Kobras erweitern Kartenverkauf

Die Kobras freuen sich, denjenigen, die keine Möglichkeit haben, online im Ticketshop der Giftschlangen Eintrittskarten zu erwerben, ab sofort bis auf weiteres an jedem Donnerstag zwischen 19:00 Uhr und 20:00 Uhr in der Geschäftsstelle der Eissporthalle einen Kartenvorverkauf mit persönlichem Kontakt anbieten zu können.
Allerdings ist auch am Tage des Kartenvorverkaufs eine Maske für den Zutritt zur Schlangengrube zu tragen sowie bei Kartenkauf der Personalausweis bei Bedarf vorzuzeigen (Nachverfolgbarkeit für das Gesundheitsamt).

Aller Anfang ist schwer

Endlich durfte wieder Eishockey in der Schlangengrube gespielt werden, und das sogar vor Zuschauern. Doch leider blieb den Kobras bei der 1:6 – Niederlage (0:2; 0:2; 1:2) gegen den Oberligisten Moskitos Essen nur das Nachsehen.

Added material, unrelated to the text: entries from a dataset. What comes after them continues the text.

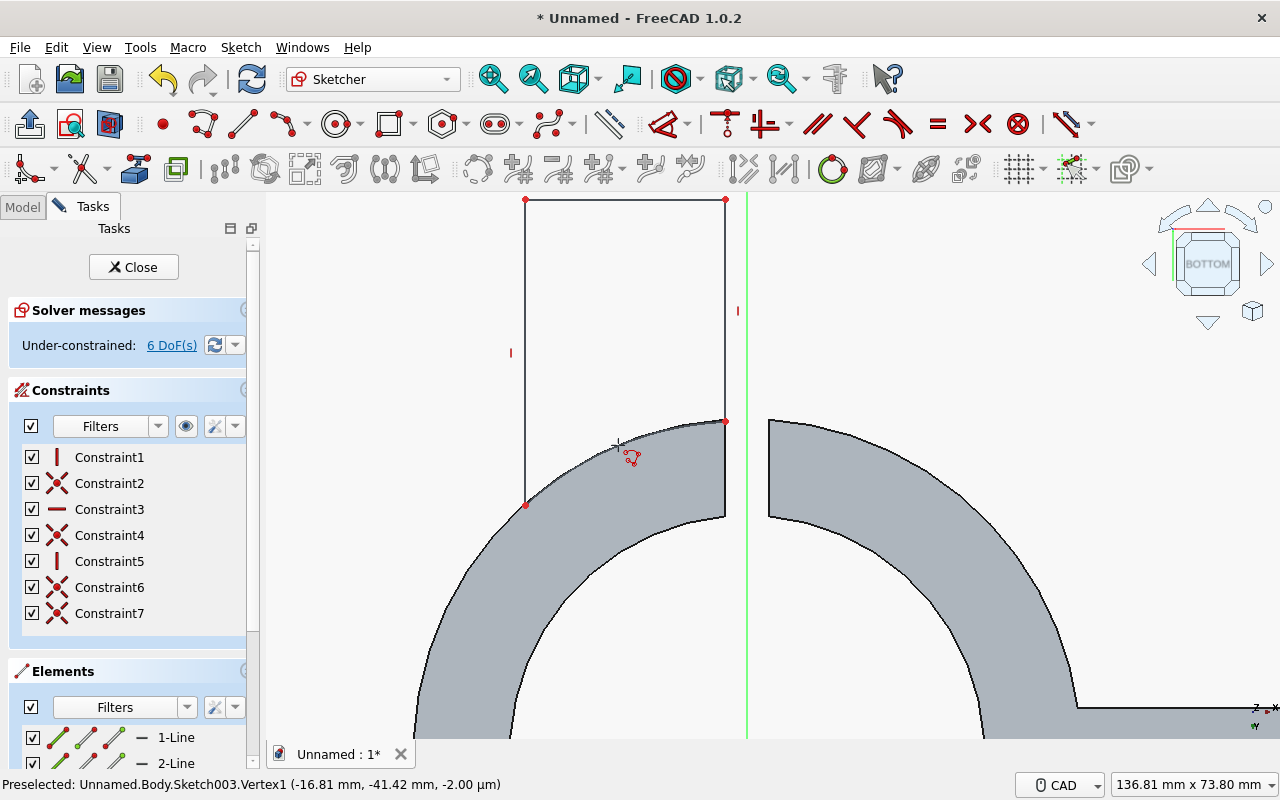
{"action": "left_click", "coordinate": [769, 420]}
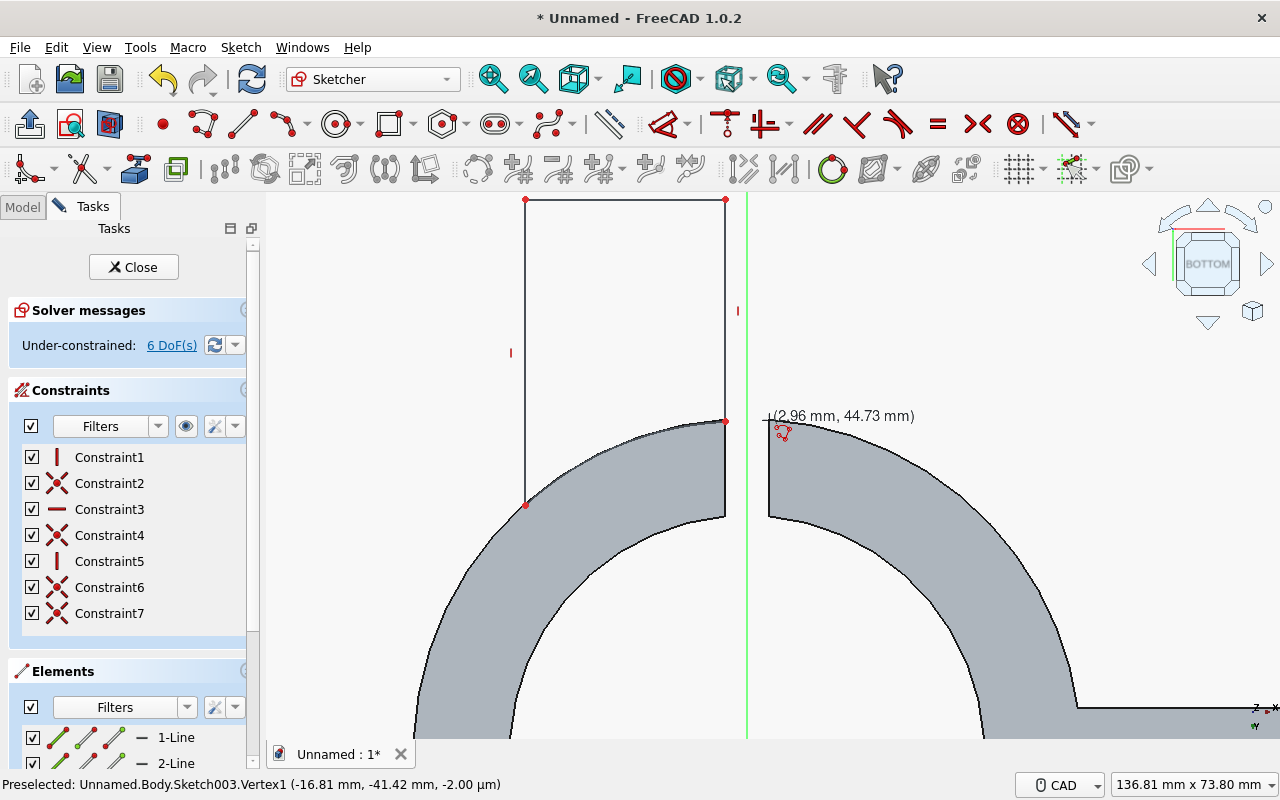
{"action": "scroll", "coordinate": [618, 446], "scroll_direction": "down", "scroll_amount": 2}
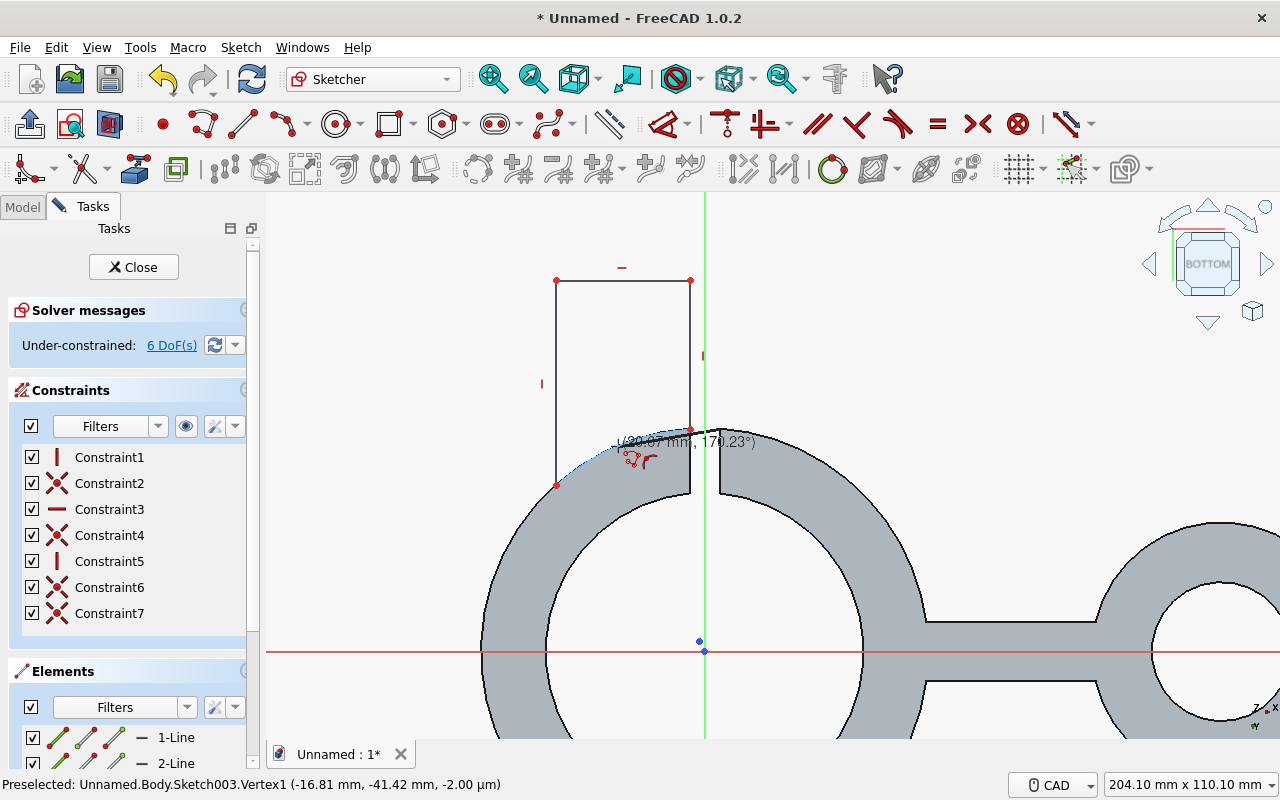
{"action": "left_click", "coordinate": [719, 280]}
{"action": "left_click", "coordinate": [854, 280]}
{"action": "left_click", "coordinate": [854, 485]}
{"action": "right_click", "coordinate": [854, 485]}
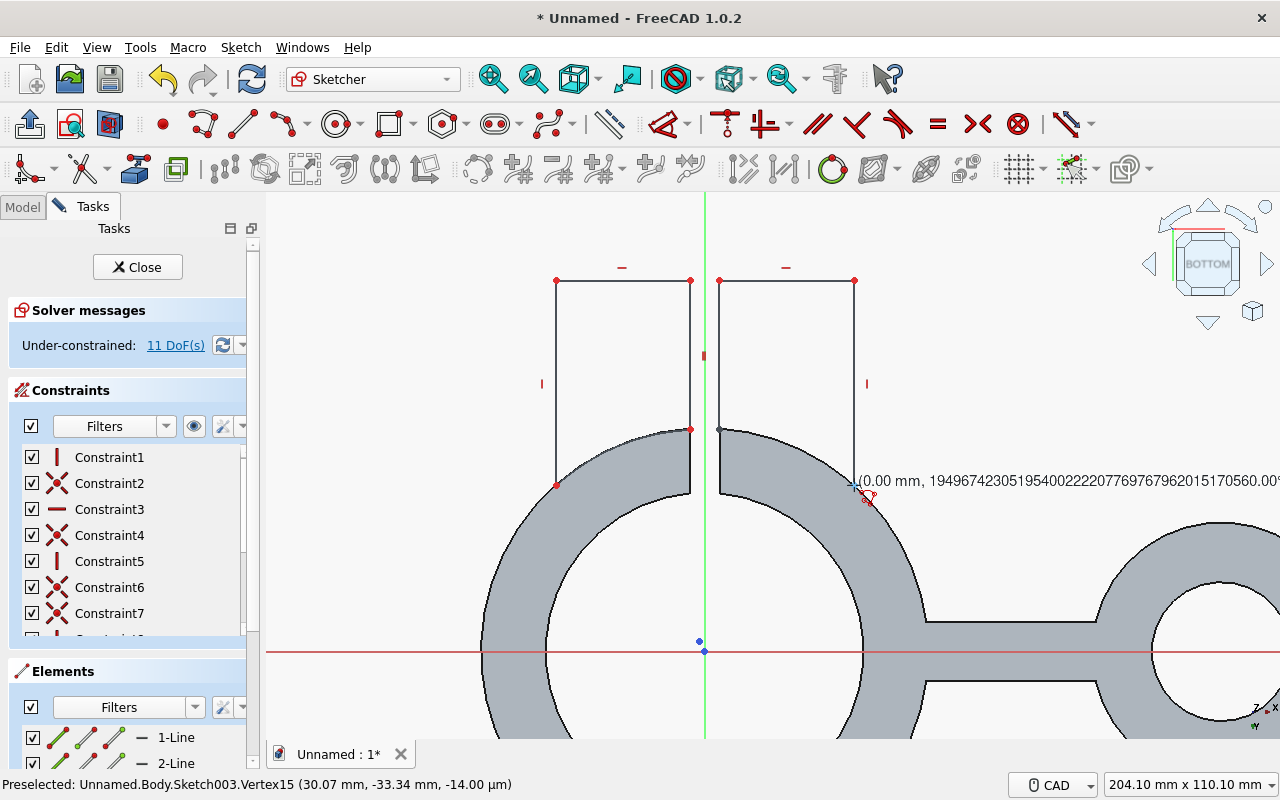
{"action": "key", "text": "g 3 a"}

Mit einem kleinen Rahmenprogramm startete der Regionalligist in seine Saison. Nach dem Warm Up begeisterte das TeamDin die Zuschauer mit einer künstlerischen Tanzeinlage und in der ersten Drittelpause gingen die kleinsten Kobras aufs Eis, um bei einem Testspiel den Anwesenden zu beweisen, was schon jetzt in ihnen steckt. Dass das kleine Testspiel 0:0 endete, lag an ausgezeichneten Torhüterleistungen und sehr stabilen Abwehrreihen. Trotzdem vermochten es die jungen Cracks, vielen Besuchern ein Lächeln ins Gesicht zu zaubern.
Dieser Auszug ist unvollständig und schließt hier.